All banks now have digital transformation programmes in place, and many have several initiatives underway. However, not all of these programmes are on track to improve bank profitability: In fact, on an aggregate basis, industry experts at McKinsey, Boston Consulting Group, Ernst & Young, KPMG and Bain & Company collectively found that the success rate is in the 20-30% range Banks need to measure their success to ensure they are heading towards the necessary payoff, and that begins with setting a target for improved efficiency ratios.

An industry-accepted calculation, efficiency ratio scores a bank’s profitability and is an important measure of financial stability. The goal is to have a low score, which indicates that a bank is spending less to generate every dollar of income. Efficiency ratios are calculated by dividing bank expenses by net revenues, and a ratio of under 50 is optimal indicating that every US$1 of expenses results in US$2 of revenue.

As an example, a bank with a net revenue of US$100m and expenses of US$65m, has a 65% efficiency ratio: US$65m/US$100m = 0.65 = 65%

65% is a good — but not great — efficiency ratio. I would encourage a bank with a score like that to use their in-house data to focus on more efficient customer service and retention strategies, such as offering new financial products, cross-selling and up-selling efforts focused on existing customers, which can be done at a dramatically lower cost than new customer acquisition programmes, which can be five times greater than retention programmes

Nine Success Factors that Help Drive Efficiency Ratios Lower

Having an end-goal like improving your efficiency ratio is important, but to meet that kind of target you have to understand how a digital transformation program can make this happen. How can you set up more specific objectives to guide your work and measure your progress?

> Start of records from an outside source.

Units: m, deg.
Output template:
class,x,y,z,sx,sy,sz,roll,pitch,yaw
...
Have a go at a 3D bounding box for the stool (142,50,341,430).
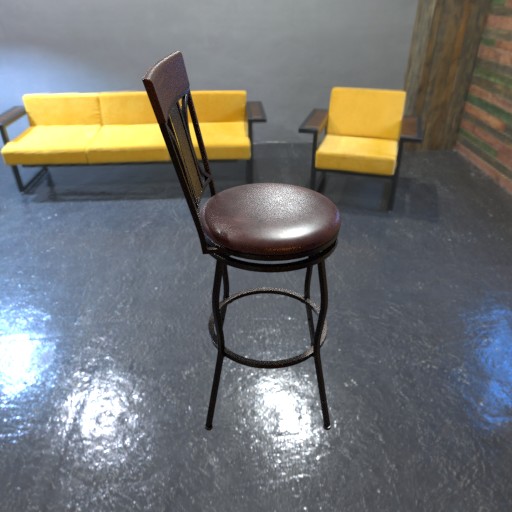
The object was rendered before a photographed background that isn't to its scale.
class,x,y,z,sx,sy,sz,roll,pitch,yaw
stool,0.000,0.000,1.397,0.513,1.130,0.448,0,32,0
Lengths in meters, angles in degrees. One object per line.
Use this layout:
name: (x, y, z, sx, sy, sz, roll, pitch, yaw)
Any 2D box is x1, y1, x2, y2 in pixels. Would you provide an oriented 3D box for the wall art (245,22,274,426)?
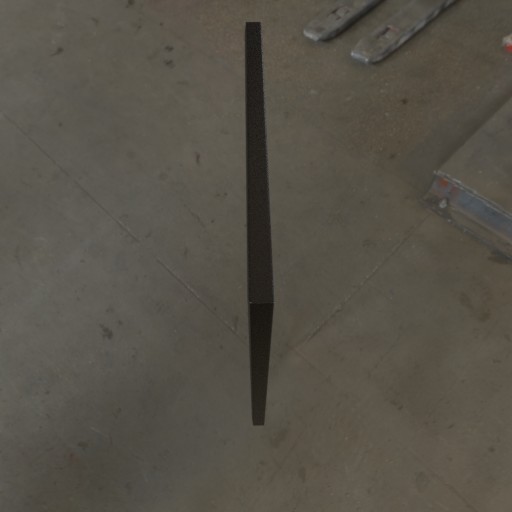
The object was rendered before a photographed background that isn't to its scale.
wall art: (0.000, 0.000, 1.615, 0.053, 1.194, 0.950, -1, 58, -1)
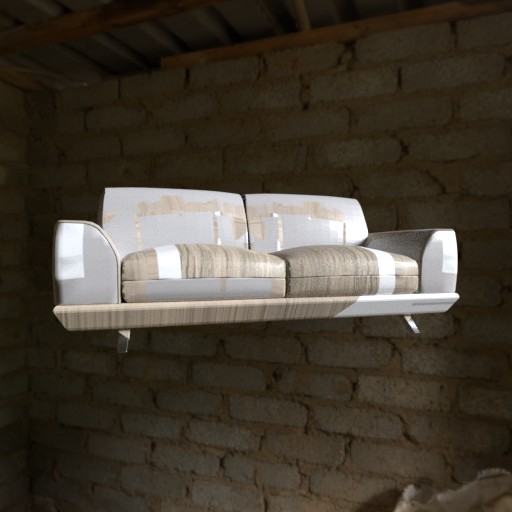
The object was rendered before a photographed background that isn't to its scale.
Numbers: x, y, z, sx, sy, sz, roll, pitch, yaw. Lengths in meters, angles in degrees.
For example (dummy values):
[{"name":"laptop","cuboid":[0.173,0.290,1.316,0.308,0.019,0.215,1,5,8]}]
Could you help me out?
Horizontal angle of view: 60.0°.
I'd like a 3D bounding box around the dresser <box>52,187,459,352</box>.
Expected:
[{"name":"dresser","cuboid":[0.000,0.000,5.822,4.679,1.863,2.251,0,0,-18]}]
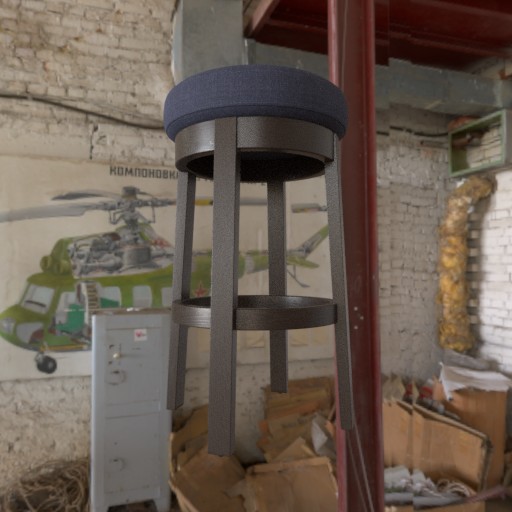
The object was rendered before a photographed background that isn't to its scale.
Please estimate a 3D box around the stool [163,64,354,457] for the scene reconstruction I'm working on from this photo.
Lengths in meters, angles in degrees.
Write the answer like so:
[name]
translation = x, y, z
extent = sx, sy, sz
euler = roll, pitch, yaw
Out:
[stool]
translation = 0.000, 0.000, 1.041
extent = 0.446, 0.758, 0.446
euler = 0, -1, 0
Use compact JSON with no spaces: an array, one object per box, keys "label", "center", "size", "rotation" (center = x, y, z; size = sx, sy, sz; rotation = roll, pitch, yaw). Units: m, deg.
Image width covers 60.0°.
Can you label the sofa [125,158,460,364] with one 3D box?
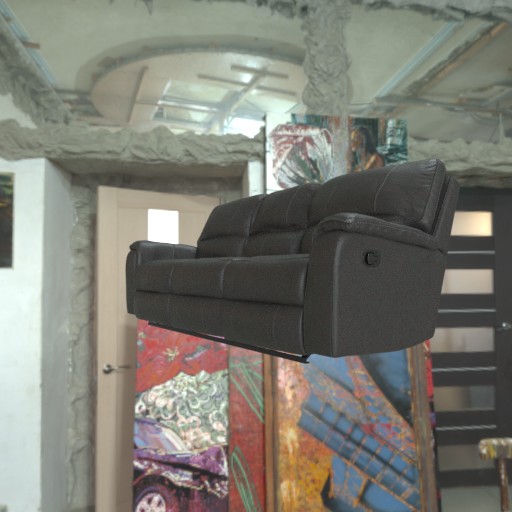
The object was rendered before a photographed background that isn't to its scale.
[{"label":"sofa","center":[0.000,0.000,3.235],"size":[1.104,1.134,2.627],"rotation":[1,-2,-37]}]
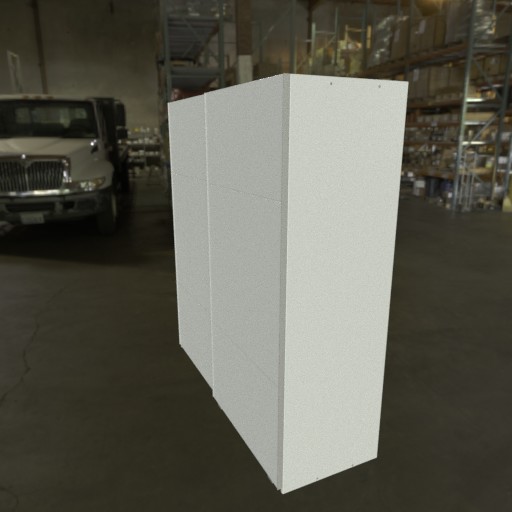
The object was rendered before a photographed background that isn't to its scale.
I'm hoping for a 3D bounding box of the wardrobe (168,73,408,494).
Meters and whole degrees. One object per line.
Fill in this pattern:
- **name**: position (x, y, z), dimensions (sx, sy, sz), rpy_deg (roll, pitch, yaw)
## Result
- **wardrobe**: position (0.000, 0.000, 2.845), dimensions (0.629, 1.960, 1.780), rpy_deg (-7, 17, -25)
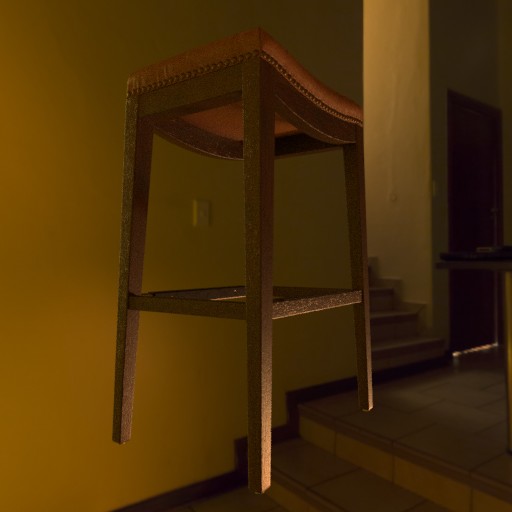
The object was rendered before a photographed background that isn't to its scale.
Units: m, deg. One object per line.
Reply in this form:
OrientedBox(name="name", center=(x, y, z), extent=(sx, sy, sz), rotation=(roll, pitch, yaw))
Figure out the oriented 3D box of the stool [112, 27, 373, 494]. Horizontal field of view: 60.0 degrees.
OrientedBox(name="stool", center=(0.000, 0.000, 1.001), extent=(0.361, 0.759, 0.500), rotation=(-1, -1, 34))
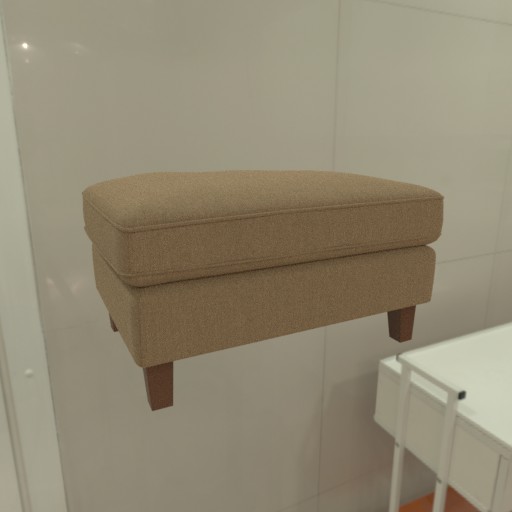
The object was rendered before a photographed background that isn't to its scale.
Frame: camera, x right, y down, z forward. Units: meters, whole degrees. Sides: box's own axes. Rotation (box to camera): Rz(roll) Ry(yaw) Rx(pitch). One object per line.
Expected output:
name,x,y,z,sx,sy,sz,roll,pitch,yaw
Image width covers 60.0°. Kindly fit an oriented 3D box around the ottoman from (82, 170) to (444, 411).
ottoman,0.000,0.000,1.373,0.945,0.521,0.636,-8,17,-26
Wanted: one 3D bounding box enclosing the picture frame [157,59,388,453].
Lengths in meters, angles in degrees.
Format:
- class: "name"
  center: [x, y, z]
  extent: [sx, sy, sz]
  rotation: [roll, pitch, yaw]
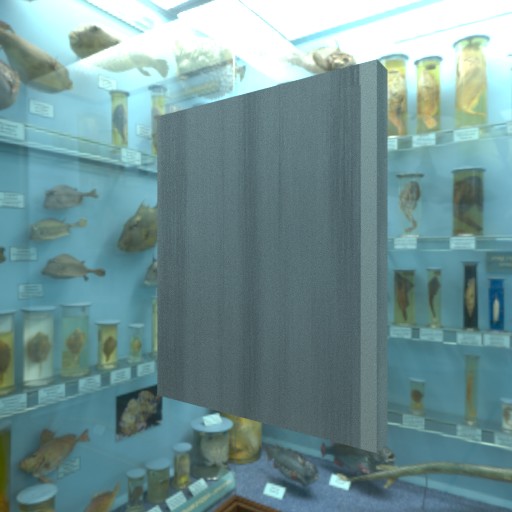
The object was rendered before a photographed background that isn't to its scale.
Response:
- class: "picture frame"
  center: [0.000, 0.000, 0.773]
  extent: [0.449, 0.555, 0.046]
  rotation: [0, 0, 35]

In FICO’s experience with banks around the world, we have found nine success factors for digital transformation projects that address business goals.

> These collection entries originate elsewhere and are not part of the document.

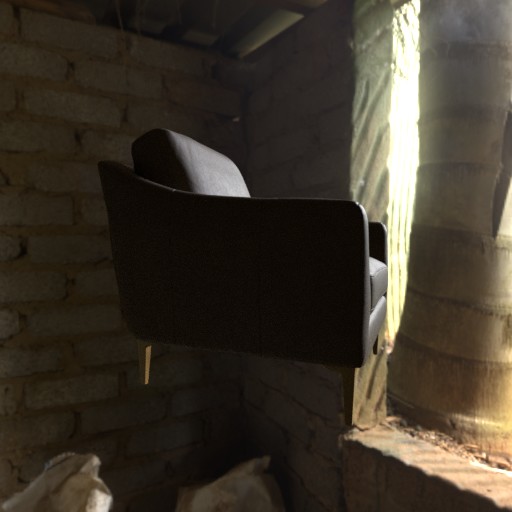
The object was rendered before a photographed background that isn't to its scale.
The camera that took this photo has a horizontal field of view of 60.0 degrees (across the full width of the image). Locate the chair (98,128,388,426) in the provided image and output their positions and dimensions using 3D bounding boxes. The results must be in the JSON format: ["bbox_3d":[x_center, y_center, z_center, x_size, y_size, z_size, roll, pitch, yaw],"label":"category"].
[{"bbox_3d":[0.000,0.000,1.735,0.961,0.901,0.988,0,1,20],"label":"chair"}]
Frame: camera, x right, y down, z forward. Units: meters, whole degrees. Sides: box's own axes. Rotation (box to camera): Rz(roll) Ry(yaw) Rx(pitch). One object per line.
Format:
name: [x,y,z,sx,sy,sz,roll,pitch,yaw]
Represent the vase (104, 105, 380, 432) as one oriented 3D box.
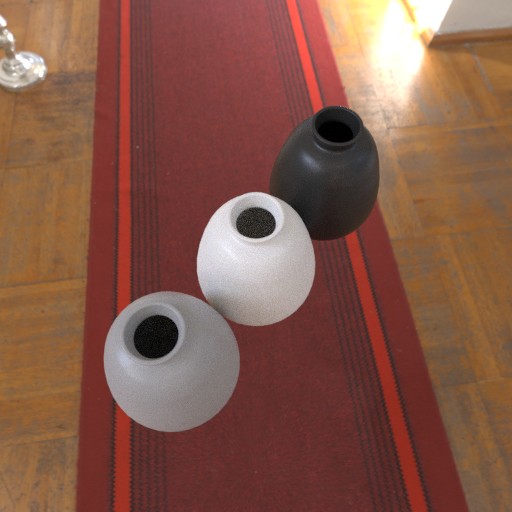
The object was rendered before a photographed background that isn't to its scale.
vase: [0.000,0.000,0.351,0.097,0.122,0.297,35,69,15]
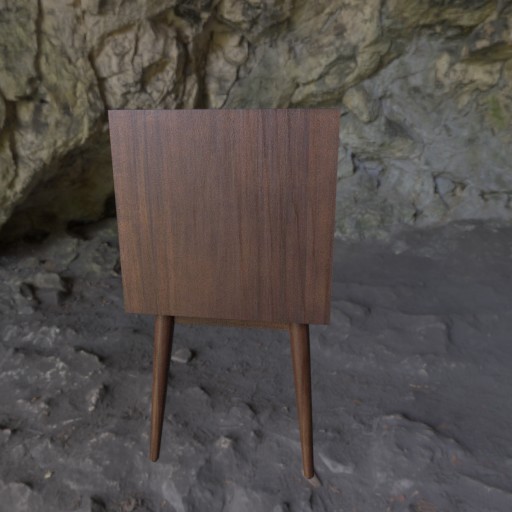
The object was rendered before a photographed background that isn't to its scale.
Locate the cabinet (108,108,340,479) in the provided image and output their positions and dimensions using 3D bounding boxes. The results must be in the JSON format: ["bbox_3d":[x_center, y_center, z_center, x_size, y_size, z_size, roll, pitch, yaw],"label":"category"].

  • Driving additional lending and improved risk management through enhanced decisioning using previously siloed customer and product data across division. Emphasis is on revenue generation, with customer retention, profit per customer and lending per customer improved.
  • Driving down long-term structural IT costs using cloud innovation and more flexible technology solutions. Emphasis is on cost control, improving income ratios and cutting costs per account and per application.
  • Quickly assessing and seizing strategic and tactical opportunities, pivoting initiatives where necessary in an increasingly volatile economic climate. Emphasis on revenue generation and cost control, with the speed of change increasing speed and the cost decreasing.
  • Reducing losses through next-generation collections and recovery capabilities. Emphasis on cost control, with improved customer outcomes, increased capacity and take-up rates alongside decreased charge-offs and agent call times.
  • Improving the customer experience by delivering targeted omnichannel communications and AI-informed customer relationship management (CRM)/next best action. Emphasis on revenue generation and cost control, with increased customer engagement scores, reduced costs to service accounts and reduced attrition.
  • Rapidly deploying analytic advancements using new data sources. Emphasis on revenue generation, cost control and compliance, with new models and strategies deployed and effective marketing employed.
  • Moving important decisions to real time, including the continuous evaluation of customer exposure. Emphasis on revenue generation and cost control, with increased profitability per customer and reduced cost to serve.
  • Maintaining regulatory compliance through a customer-level view of decisions, preferences and responses. Emphasis on compliance, reducing the cost of governance and reputational risk, and reducing regulatory penalties.
  • Adopting enterprise fraud management, minimising the cost and negative customer experience of multichannel fraud patterns like account takeover (ATO). Emphasis on revenue generation, cost control and compliance, reducing credit and operational losses.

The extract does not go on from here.